[API] feat: add model management endpoints for loading and unloading models by AlpinDale · Pull Request #1553 · dphnAI/sonar

AlpinDale · 2025-11-03T19:22:08Z

Needs the env var APHRODITE_SERVER_DEV_MODE=1 enabled.

You can call the /v1/unload_model endpoint to unload the model by killing the engine and worker processes (which frees up all memory), then call the /v1/load_model endpoint to reload your model.

Unloading a model

# curl -s -X POST http://localhost:2242/v1/unload_model | jq .
{
  "status": "success",
  "message": "Model unloaded successfully in 1.28s. All GPU memory has been freed.",
  "drain_time_s": 0.0,
  "shutdown_time_s": 1.28,
  "total_time_s": 1.28
}

Loading a model

Running the /v1/load_model endpoint by itself will reload your original model with no changes. If you wish to swap out the model, or change the launch args, there are a few options:

Pass a config YAML file

You can call the /v1/load_model endpoint with a file upload that contains your YAML config with the desired args, e.g.:

model: Qwen/Qwen3-32B-FP8
tensor_parallel_size: 2
max_model_len: 8192

And use the endpoint like this:

# curl -s -X POST http://localhost:2242/v1/load_model -F "config=@config.yaml" | jq .
{
  "status": "success",
  "message": "Model loaded successfully in 87.01s.",
  "load_time_s": 87.01,
  "model": "Qwen/Qwen3-32B-FP8",
  "config_applied": {
    "model": {
      "value": "Qwen/Qwen3-32B-FP8",
      "source": "uploaded"
    },
    "tensor_parallel_size": {
      "value": 2,
      "source": "uploaded"
    },
    "max_model_len": {
      "value": 8192,
      "source": "uploaded"
    }
  }
}

Pass the launch arguments directly

You don't need to provide a YAML config:

# curl -s -X POST http://localhost:2242/v1/load_model \
  -H "Content-Type: application/json" \
  -d '{
    "model": "Qwen/Qwen3-32B-FP8",
    "config": {
      "tensor_parallel_size": 2,
      "max_model_len": 32768
    }
  }' | jq .
{
  "status": "success",
  "message": "Model loaded successfully in 97.10s.",
  "load_time_s": 97.1,
  "model": "Qwen/Qwen3-32B-FP8",
  "config_applied": {
    "model": {
      "value": "Qwen/Qwen3-32B-FP8",
      "source": "request"
    },
    "tensor_parallel_size": {
      "value": 2,
      "source": "uploaded"
    },
    "max_model_len": {
      "value": 32768,
      "source": "uploaded"
    }
  }
}

Aphrodite config in model directory

You may also put a aphrodite_config.yaml in your model directory (local or on HF), and Aphrodite will use the args there when loading the model via this endpoint.

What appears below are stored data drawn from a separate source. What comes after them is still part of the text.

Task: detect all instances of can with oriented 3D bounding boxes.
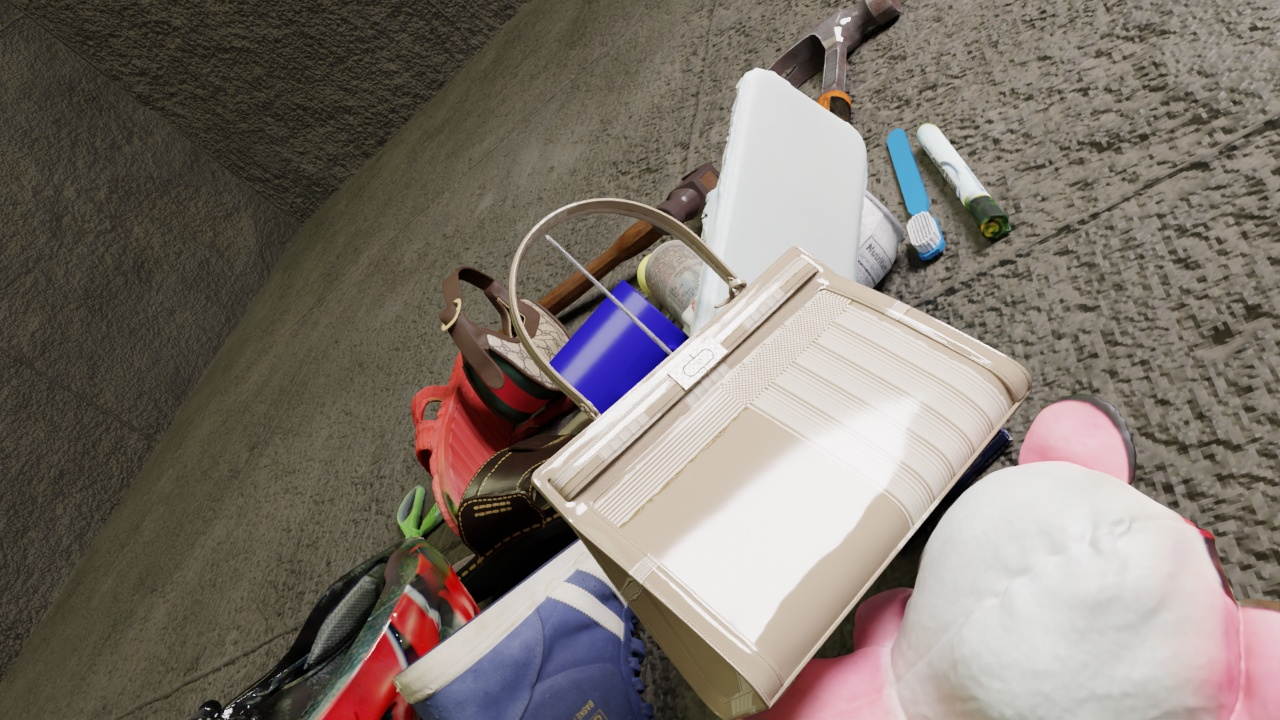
[{"bbox_3d":[0.046,-0.049,0.689,0.054,0.054,0.135,-47,26,5],"label":"can"},{"bbox_3d":[0.096,-0.048,0.584,0.136,0.078,0.078,-48,26,4],"label":"can"}]

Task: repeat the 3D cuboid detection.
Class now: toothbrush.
[{"bbox_3d":[0.006,-0.023,0.574,0.010,0.181,0.010,-41,33,11],"label":"toothbrush"},{"bbox_3d":[0.181,-0.119,0.618,0.016,0.014,0.166,-34,30,28],"label":"toothbrush"}]

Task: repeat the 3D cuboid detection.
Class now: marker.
[{"bbox_3d":[0.201,-0.118,0.582,0.017,0.017,0.146,-38,28,23],"label":"marker"}]

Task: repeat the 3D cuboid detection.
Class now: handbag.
[{"bbox_3d":[-0.120,-0.020,0.797,0.063,0.138,0.166,-39,8,17],"label":"handbag"},{"bbox_3d":[0.027,0.007,0.378,0.175,0.198,0.062,-41,-12,-26],"label":"handbag"}]

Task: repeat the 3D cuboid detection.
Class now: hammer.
[{"bbox_3d":[-0.041,-0.086,0.875,0.324,0.033,0.115,-32,10,42],"label":"hammer"},{"bbox_3d":[0.144,-0.186,0.742,0.138,0.035,0.313,-28,34,37],"label":"hammer"}]

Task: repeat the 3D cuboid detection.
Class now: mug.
[{"bbox_3d":[-0.004,0.004,0.677,0.083,0.079,0.111,-48,39,3],"label":"mug"}]

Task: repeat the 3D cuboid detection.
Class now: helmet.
[{"bbox_3d":[-0.185,0.231,0.549,0.272,0.167,0.217,-51,14,9],"label":"helmet"}]

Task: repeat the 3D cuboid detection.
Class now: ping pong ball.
[{"bbox_3d":[0.017,-0.073,0.781,0.040,0.040,0.040,-37,29,24],"label":"ping pong ball"}]

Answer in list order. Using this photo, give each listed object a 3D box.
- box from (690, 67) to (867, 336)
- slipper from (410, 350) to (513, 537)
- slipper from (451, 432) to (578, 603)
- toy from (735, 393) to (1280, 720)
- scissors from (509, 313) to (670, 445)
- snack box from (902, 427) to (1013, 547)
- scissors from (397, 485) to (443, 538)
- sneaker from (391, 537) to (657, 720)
[{"bbox_3d":[0.058,-0.053,0.479,0.107,0.124,0.215,-6,63,29],"label":"box"},{"bbox_3d":[-0.158,0.066,0.805,0.059,0.103,0.248,-27,29,12],"label":"slipper"},{"bbox_3d":[-0.058,0.081,0.621,0.269,0.076,0.112,-40,-3,30],"label":"slipper"},{"bbox_3d":[0.116,0.120,0.328,0.213,0.084,0.141,-44,27,18],"label":"toy"},{"bbox_3d":[-0.051,0.040,0.770,0.188,0.015,0.179,-10,45,52],"label":"scissors"},{"bbox_3d":[0.122,0.031,0.497,0.082,0.027,0.150,-49,27,5],"label":"snack box"},{"bbox_3d":[-0.208,0.163,0.851,0.168,0.023,0.171,-37,30,12],"label":"scissors"},{"bbox_3d":[-0.016,0.160,0.509,0.092,0.118,0.232,-39,-7,29],"label":"sneaker"}]

# cat /root/models/Meta-Llama-3.1-8B-Instruct/aphrodite_config.yaml 
max_model_len: 4096
tensor_parallel_size: 2
gpu_memory_utilization: 0.9

Then load your model:

# curl -s -X POST http://localhost:2242/v1/load_model \
  -H "Content-Type: application/json" \
  -d '{"model": "/root/models/Meta-Llama-3.1-8B-Instruct"}' | jq .
{
  "status": "success",
  "message": "Model loaded successfully in 44.03s.",
  "load_time_s": 44.03,
  "model": "/root/models/Meta-Llama-3.1-8B-Instruct",
  "config_applied": {
    "model": {
      "value": "/root/models/Meta-Llama-3.1-8B-Instruct",
      "source": "request"
    },
    "max_model_len": {
      "value": 4096,
      "source": "model_dir"
    },
    "tensor_parallel_size": {
      "value": 2,
      "source": "model_dir"
    },
    "gpu_memory_utilization": {
      "value": 0.9,
      "source": "model_dir"
    }
  }
}

Inline model loading

If you launch the Aphrodite API server with --enable-inline-model-loading, you can use a different model name in your request, and it'll swap the models out and complete your request with the provided one instead.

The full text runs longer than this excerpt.